Echoing @klausman and @calbon from our ML Team Technical Meeting today:

Let's go with seconds-granularity for now when creating a timestamp version. There could be a case where we are pushing multiple models in bulk and it would be easier to go with this resolution now rather than attempting to do it later down the road.

I'm currently refactoring my model_upload script to reflect this and will create a patch for the inference-services repo this week.

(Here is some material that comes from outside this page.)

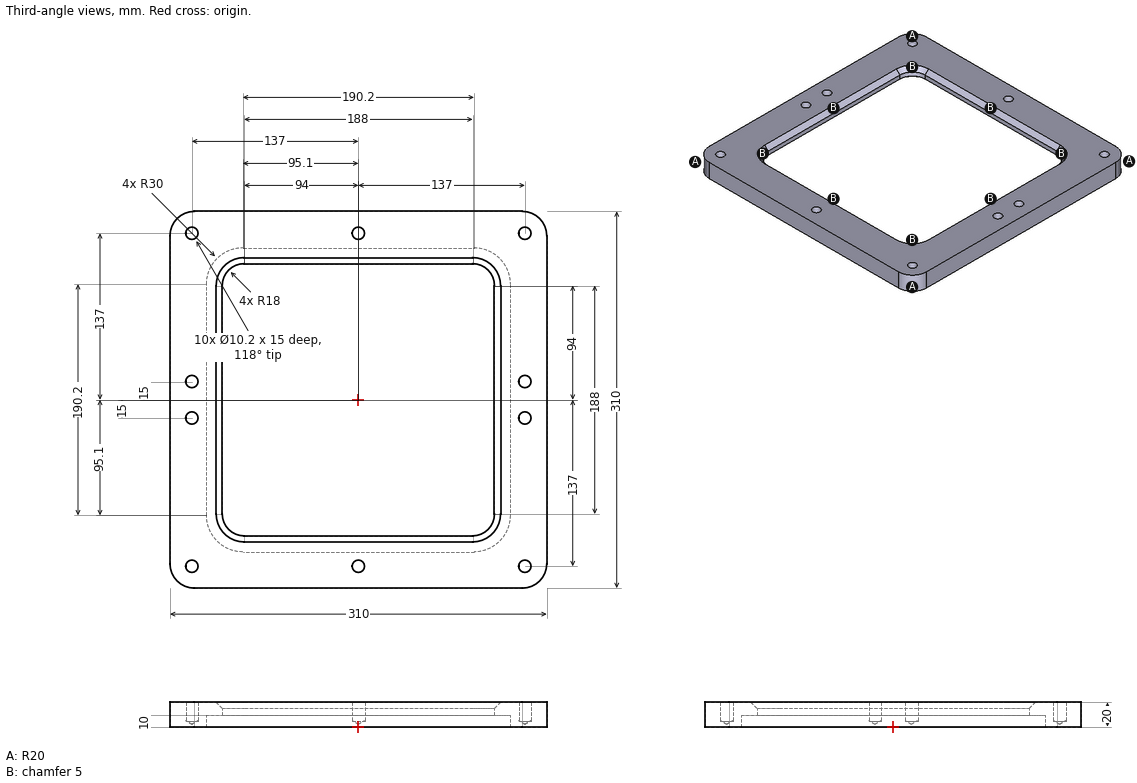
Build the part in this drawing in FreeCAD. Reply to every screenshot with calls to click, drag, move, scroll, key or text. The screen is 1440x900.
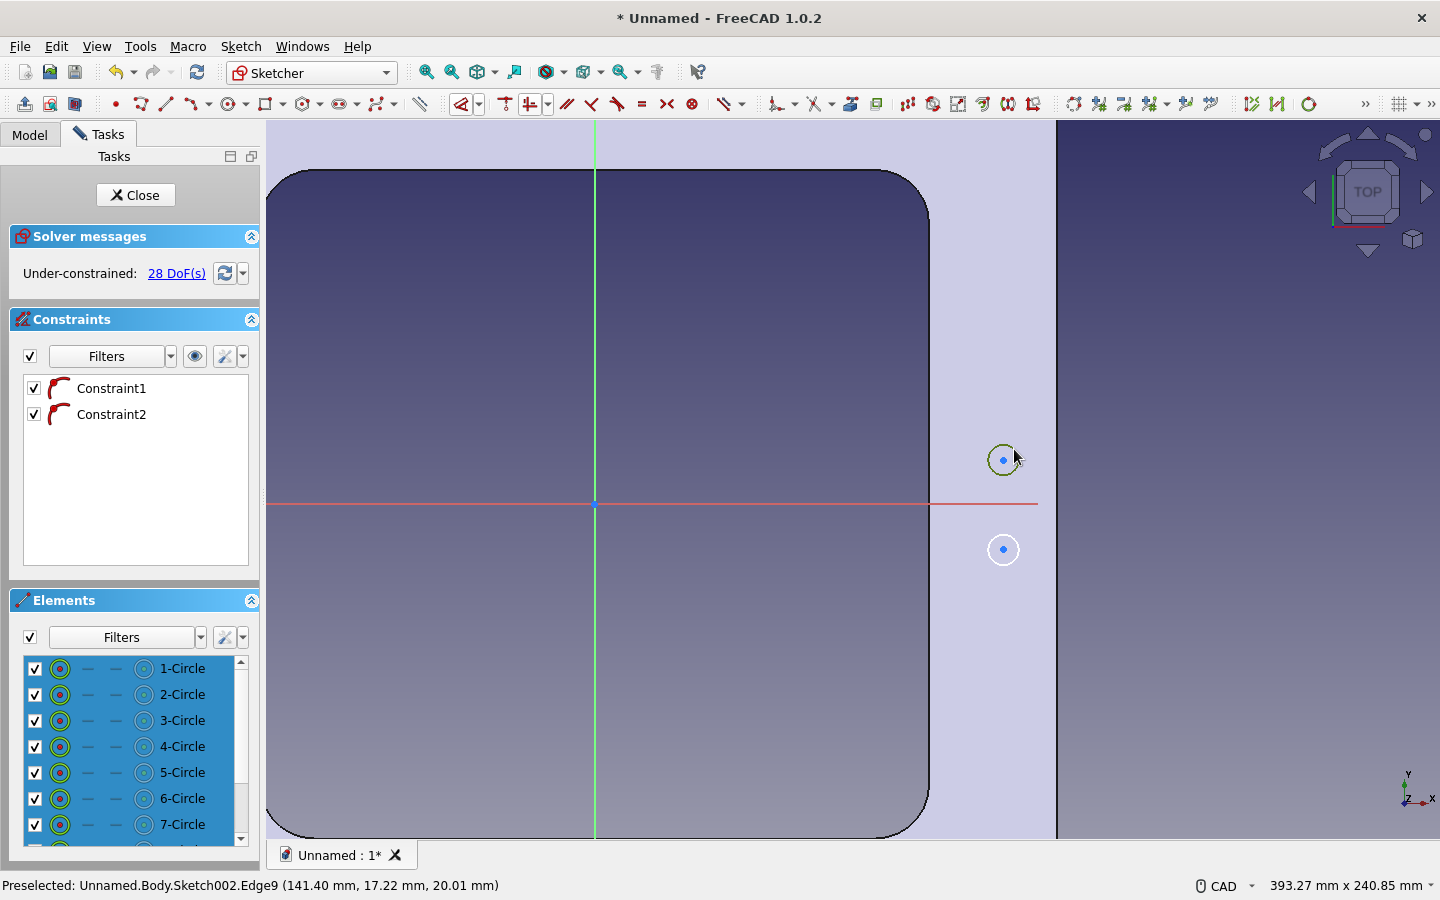
click(1014, 539)

Change 719668 had a related patch set uploaded (by Accraze; author: Accraze):

[machinelearning/liftwing/inference-services@main] utils: added model upload script

https://gerrit.wikimedia.org/r/719668

Change 736848 had a related patch set uploaded (by Elukey; author: Elukey):

[operations/puppet@production] role::statistics::explorer: add ml profile

https://gerrit.wikimedia.org/r/736848

Change 736848 merged by Elukey:

[operations/puppet@production] role::statistics::explorer: add ml profile

https://gerrit.wikimedia.org/r/736848

Change 719668 abandoned by Accraze:

[machinelearning/liftwing/inference-services@main] utils: added model upload script

Reason:

Moved model upload script to operations/puppet/+/736848

https://gerrit.wikimedia.org/r/719668

ACraze claimed this task.

@elukey - I think we are all good on this task. Major thanks to @Theofpa for helping us out on this and suggesting a sane naming structure. Going to mark as RESOLVED, feel free to re-open if anyone feels we need to discuss further.